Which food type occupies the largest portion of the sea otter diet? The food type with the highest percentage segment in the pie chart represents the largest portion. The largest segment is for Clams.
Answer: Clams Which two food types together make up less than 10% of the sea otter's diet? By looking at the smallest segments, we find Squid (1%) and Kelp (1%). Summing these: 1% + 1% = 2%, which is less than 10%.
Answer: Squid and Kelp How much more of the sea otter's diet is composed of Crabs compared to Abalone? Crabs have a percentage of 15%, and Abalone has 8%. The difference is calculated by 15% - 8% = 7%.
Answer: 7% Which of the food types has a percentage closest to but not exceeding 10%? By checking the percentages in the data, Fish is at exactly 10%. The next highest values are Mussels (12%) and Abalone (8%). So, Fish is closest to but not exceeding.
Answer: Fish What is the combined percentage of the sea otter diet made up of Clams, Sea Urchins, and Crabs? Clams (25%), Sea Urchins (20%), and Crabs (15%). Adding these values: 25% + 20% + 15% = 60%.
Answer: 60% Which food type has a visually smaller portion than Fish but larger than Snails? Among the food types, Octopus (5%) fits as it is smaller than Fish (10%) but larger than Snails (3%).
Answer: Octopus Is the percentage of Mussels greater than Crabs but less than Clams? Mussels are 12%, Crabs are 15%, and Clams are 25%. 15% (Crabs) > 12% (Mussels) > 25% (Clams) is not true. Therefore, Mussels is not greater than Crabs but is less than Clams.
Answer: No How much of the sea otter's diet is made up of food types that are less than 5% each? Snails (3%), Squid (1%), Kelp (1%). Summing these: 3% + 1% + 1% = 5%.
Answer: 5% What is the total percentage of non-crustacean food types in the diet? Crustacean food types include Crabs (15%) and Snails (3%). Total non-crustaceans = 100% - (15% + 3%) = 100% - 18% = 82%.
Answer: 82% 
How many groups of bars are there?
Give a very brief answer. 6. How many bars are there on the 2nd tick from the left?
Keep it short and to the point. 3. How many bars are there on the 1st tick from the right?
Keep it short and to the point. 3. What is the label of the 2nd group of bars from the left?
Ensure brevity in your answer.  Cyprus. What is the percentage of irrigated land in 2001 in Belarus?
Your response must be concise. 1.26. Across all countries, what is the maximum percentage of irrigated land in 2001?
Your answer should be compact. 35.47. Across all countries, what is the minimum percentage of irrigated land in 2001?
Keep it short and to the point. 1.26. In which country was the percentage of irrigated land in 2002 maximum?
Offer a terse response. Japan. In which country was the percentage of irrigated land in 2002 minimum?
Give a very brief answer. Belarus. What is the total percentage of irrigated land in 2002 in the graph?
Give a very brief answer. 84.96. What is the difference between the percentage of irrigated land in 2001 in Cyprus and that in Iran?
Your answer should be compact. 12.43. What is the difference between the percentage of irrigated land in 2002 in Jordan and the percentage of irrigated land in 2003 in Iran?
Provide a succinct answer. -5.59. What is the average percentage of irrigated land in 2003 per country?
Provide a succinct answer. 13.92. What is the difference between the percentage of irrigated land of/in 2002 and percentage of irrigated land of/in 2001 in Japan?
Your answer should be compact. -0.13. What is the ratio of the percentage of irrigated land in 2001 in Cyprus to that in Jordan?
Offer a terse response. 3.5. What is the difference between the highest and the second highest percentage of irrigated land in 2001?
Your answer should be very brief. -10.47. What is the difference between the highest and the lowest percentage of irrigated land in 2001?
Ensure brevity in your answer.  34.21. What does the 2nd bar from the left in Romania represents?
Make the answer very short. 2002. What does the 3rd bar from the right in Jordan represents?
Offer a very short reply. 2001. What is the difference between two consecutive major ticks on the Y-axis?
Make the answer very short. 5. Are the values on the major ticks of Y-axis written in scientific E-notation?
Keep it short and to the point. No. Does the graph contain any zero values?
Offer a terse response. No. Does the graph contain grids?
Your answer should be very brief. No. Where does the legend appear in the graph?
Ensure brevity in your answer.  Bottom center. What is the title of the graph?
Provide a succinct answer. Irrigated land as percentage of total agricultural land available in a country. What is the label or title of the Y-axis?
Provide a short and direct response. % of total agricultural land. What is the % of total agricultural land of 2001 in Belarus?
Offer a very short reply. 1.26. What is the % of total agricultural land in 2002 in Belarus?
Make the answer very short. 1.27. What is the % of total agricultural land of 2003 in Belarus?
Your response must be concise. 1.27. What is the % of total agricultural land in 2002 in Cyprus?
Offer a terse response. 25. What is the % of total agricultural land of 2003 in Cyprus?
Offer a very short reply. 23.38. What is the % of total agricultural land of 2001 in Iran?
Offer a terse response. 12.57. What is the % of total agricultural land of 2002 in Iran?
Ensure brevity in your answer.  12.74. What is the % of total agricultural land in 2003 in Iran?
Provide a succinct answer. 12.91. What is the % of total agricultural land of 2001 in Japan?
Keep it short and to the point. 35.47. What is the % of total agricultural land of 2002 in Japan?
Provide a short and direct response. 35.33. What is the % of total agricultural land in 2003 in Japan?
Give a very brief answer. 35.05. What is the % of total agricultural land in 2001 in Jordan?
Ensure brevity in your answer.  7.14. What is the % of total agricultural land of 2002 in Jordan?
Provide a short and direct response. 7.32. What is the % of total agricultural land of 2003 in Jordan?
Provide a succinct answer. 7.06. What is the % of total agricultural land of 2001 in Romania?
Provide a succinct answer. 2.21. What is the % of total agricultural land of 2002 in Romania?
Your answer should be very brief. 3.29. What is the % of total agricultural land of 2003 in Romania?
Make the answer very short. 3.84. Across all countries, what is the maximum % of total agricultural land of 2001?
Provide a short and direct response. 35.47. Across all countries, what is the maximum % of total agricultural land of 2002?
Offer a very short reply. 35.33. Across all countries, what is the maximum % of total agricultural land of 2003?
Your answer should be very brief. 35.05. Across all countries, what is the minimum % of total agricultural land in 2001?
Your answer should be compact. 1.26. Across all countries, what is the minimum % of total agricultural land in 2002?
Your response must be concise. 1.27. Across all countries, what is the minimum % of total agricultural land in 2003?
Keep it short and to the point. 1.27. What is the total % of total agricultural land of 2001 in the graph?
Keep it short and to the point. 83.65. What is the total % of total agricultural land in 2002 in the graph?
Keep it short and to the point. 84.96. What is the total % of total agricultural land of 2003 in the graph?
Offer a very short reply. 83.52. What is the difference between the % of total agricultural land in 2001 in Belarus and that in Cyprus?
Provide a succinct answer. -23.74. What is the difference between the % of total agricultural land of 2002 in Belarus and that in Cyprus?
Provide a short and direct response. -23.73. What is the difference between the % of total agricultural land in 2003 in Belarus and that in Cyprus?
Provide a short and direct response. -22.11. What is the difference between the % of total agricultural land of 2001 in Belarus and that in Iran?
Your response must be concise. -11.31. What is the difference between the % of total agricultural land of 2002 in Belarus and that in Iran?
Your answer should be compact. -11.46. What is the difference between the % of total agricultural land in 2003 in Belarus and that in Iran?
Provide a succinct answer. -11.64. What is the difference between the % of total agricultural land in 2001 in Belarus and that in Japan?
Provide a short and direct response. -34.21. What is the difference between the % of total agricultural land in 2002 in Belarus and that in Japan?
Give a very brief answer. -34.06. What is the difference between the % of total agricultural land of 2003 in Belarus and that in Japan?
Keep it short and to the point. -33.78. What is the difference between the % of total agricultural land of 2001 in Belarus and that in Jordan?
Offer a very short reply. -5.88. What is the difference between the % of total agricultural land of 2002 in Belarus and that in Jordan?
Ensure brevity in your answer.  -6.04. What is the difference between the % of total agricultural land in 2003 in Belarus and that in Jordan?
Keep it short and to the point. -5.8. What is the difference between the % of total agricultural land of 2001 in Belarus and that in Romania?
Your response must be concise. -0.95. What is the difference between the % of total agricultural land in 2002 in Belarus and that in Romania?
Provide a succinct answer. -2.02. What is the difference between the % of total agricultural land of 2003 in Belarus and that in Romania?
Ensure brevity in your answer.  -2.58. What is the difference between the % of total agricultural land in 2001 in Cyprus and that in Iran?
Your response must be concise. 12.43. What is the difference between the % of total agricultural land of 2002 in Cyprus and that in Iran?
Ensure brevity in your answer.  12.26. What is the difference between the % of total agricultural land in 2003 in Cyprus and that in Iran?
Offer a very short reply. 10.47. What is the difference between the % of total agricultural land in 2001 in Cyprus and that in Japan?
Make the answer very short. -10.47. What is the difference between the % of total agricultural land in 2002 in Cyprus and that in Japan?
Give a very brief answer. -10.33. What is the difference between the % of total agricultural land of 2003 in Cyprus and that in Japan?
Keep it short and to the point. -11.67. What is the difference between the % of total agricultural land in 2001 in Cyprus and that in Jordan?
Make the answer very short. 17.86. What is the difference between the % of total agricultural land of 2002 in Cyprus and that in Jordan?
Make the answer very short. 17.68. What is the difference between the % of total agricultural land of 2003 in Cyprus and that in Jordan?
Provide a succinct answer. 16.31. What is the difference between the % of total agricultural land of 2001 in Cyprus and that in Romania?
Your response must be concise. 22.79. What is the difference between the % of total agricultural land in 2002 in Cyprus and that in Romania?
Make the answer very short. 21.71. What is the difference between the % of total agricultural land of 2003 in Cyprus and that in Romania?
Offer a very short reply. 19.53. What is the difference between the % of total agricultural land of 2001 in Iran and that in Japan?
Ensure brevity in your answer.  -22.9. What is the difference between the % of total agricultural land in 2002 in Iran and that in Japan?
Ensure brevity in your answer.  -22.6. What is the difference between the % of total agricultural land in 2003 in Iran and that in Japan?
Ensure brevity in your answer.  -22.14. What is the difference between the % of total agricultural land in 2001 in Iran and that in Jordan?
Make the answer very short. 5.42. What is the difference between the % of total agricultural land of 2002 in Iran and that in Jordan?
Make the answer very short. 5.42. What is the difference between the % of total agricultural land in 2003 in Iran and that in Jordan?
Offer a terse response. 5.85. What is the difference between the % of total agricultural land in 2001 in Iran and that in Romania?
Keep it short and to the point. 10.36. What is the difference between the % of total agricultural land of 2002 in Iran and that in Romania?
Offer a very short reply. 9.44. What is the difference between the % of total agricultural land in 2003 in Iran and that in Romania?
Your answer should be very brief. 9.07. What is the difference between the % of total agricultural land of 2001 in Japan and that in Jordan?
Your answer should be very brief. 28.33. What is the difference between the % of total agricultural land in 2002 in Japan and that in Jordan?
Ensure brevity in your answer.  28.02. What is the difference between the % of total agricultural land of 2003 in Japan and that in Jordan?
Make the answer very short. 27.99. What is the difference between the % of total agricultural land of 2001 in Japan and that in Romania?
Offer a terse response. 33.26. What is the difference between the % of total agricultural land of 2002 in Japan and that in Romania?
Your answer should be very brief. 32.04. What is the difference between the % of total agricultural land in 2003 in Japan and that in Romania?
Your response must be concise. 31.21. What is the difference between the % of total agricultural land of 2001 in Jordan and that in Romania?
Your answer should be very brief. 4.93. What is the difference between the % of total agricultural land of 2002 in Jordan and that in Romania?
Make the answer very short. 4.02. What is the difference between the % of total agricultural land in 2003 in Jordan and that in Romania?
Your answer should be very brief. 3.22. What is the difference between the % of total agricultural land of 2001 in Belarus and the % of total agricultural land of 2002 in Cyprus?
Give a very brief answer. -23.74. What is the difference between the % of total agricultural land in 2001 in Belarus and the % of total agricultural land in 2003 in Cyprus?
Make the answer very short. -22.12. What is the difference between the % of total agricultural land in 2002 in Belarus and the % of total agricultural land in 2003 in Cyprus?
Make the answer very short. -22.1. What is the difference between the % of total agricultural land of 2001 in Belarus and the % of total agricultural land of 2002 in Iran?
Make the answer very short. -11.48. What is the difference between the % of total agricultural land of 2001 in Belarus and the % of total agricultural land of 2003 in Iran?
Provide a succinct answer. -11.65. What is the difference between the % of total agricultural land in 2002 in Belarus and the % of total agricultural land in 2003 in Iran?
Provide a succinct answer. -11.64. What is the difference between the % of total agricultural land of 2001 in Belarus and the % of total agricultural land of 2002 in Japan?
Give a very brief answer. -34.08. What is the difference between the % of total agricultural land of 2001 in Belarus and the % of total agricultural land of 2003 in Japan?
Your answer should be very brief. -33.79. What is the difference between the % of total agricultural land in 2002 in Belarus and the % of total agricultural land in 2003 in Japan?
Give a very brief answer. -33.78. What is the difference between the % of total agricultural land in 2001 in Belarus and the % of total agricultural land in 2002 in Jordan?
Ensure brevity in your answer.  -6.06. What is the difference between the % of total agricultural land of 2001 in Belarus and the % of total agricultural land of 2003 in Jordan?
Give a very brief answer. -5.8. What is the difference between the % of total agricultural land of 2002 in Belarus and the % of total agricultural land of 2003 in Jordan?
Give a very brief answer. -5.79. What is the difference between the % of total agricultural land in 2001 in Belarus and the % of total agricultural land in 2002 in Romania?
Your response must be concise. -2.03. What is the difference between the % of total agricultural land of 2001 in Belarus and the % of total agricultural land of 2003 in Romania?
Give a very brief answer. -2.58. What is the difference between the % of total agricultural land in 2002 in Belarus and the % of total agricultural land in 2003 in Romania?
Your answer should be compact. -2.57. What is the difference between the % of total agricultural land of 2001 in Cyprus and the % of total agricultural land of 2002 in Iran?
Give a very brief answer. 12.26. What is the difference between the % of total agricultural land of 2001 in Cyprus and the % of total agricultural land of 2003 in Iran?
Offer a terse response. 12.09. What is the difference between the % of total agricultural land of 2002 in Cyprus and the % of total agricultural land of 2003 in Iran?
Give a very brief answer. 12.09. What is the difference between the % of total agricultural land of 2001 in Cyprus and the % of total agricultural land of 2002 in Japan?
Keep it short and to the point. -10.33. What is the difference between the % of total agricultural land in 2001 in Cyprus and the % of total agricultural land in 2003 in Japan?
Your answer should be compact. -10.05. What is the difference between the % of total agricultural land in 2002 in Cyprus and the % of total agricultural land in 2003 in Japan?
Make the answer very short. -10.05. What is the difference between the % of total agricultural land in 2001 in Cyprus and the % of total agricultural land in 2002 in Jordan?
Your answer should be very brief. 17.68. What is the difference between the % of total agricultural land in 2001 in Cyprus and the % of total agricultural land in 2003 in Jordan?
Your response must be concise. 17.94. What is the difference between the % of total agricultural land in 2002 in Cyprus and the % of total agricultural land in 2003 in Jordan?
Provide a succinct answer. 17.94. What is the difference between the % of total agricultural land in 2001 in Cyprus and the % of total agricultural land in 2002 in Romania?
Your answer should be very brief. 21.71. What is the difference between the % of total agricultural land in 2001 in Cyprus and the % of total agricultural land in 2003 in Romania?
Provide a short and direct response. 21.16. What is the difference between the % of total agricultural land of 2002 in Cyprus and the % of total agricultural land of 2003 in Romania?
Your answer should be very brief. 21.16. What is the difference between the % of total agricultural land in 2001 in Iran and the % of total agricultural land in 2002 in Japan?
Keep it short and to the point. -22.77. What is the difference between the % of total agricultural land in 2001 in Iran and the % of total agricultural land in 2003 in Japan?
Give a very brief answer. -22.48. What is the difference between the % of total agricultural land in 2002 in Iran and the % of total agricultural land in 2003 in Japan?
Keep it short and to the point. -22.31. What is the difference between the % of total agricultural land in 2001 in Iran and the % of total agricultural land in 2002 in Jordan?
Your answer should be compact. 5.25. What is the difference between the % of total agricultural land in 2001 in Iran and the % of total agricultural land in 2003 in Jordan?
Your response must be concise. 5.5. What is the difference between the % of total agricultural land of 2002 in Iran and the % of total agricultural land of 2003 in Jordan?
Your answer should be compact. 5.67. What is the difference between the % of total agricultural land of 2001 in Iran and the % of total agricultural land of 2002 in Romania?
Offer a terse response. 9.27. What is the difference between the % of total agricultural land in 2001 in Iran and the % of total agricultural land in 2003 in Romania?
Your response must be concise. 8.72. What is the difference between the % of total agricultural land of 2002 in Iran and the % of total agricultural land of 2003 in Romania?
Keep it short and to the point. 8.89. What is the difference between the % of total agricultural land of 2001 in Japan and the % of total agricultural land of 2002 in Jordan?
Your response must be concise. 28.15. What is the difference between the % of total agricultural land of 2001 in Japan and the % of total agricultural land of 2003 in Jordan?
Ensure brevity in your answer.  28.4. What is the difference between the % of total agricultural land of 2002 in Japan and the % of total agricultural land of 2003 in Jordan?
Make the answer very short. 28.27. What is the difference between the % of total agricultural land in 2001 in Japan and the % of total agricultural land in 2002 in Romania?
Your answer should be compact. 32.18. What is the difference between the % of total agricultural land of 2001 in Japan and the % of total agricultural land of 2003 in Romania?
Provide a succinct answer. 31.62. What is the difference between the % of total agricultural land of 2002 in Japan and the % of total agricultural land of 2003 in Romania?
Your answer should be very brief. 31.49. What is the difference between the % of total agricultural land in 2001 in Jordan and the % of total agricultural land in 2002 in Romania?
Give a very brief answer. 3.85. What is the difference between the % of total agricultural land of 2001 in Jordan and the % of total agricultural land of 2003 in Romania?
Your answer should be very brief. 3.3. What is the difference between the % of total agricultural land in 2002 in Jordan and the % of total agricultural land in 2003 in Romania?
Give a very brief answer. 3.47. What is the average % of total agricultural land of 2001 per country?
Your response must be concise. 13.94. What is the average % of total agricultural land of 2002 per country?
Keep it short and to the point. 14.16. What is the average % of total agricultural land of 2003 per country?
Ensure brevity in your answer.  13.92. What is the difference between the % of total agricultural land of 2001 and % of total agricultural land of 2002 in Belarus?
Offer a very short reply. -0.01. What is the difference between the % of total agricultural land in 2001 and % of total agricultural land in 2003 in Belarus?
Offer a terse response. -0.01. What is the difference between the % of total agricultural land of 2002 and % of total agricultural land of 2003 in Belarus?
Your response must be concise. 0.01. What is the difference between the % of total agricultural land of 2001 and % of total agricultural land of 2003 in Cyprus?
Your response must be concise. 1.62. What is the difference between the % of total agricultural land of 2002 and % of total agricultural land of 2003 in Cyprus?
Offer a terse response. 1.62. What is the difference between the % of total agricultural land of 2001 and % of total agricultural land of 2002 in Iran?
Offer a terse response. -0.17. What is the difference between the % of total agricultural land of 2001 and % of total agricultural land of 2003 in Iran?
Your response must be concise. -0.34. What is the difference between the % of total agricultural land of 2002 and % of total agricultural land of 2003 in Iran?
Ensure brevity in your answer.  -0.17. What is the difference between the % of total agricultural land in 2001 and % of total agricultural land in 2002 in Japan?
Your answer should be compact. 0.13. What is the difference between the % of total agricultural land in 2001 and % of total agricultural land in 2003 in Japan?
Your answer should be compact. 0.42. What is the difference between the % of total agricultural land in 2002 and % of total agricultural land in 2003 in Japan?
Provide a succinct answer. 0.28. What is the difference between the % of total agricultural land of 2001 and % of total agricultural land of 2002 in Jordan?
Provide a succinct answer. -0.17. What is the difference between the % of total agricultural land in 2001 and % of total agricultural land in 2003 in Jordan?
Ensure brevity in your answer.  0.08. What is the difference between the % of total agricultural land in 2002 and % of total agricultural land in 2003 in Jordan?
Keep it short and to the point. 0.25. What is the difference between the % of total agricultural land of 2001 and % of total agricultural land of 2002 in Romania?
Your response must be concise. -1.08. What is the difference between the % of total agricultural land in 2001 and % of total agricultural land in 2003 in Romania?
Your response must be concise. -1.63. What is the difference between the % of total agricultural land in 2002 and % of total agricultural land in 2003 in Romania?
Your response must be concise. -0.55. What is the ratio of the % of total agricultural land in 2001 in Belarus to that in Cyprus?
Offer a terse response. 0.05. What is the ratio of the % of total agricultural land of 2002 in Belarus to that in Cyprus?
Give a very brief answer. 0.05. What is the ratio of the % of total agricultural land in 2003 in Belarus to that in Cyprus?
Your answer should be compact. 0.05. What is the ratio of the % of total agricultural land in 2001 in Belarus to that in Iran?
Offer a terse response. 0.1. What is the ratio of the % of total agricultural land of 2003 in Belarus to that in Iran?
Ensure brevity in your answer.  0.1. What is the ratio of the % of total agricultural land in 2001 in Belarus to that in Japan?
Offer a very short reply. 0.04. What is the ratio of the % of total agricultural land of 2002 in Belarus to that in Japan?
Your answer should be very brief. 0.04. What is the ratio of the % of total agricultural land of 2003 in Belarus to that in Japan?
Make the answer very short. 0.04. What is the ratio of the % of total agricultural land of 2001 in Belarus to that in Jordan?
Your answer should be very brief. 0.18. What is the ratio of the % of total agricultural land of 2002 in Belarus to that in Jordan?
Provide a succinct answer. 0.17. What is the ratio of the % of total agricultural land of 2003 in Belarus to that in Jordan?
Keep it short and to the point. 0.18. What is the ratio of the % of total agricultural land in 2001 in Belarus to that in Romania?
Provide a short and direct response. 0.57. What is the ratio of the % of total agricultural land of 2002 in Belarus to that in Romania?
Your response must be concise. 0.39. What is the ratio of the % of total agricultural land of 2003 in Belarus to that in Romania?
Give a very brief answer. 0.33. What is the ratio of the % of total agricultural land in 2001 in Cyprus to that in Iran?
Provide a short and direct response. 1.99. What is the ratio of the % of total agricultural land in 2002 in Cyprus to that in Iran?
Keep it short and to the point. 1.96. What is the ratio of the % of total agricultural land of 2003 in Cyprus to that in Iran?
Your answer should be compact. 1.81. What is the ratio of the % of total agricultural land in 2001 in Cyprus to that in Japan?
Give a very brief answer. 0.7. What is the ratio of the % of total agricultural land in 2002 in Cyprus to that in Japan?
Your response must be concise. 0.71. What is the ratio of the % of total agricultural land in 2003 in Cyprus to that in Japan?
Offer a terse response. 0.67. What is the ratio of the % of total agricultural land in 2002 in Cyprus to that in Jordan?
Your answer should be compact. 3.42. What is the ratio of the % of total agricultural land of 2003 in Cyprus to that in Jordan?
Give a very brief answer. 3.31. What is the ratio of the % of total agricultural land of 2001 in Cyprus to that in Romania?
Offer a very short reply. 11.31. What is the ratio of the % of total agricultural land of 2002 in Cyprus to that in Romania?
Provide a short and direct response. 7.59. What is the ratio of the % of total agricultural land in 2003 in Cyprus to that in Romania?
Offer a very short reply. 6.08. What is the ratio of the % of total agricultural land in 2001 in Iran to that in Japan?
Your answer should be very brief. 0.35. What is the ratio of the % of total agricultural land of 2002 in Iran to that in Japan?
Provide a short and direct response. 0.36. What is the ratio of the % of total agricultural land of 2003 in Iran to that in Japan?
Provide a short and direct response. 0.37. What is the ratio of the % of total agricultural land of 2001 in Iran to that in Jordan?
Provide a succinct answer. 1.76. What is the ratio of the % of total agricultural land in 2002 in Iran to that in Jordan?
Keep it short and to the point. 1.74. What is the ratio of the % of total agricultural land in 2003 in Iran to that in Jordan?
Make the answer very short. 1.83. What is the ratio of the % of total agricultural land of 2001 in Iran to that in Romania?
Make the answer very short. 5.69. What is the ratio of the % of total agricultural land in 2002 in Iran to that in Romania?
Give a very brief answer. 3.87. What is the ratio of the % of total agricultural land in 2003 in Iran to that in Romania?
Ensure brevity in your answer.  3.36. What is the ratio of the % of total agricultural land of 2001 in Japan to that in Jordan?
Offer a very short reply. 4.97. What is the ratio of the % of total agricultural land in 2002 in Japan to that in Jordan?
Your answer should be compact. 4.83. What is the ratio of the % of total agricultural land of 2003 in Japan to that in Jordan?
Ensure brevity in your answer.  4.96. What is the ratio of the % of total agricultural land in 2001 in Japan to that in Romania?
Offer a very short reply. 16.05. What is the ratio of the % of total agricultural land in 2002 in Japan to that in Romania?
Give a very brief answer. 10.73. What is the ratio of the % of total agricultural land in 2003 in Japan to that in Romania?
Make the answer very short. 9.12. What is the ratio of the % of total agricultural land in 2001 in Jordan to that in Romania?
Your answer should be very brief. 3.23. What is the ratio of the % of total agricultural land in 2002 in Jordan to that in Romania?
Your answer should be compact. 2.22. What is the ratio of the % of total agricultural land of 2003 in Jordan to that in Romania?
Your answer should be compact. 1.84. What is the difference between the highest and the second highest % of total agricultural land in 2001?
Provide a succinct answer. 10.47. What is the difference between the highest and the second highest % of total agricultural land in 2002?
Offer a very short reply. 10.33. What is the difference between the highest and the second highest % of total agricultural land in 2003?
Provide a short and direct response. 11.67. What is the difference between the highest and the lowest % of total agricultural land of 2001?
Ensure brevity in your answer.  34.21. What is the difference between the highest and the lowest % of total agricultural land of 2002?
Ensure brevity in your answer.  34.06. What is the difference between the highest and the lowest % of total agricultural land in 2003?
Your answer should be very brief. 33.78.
┄┄┄┄┄┄┄┄┄┄
| Work instructions |
Your answer should be all lines from the data that contain "many".

| Problem solution |
How many groups of bars are there?
Give a very brief answer. 6. How many bars are there on the 2nd tick from the left?
Keep it short and to the point. 3. How many bars are there on the 1st tick from the right?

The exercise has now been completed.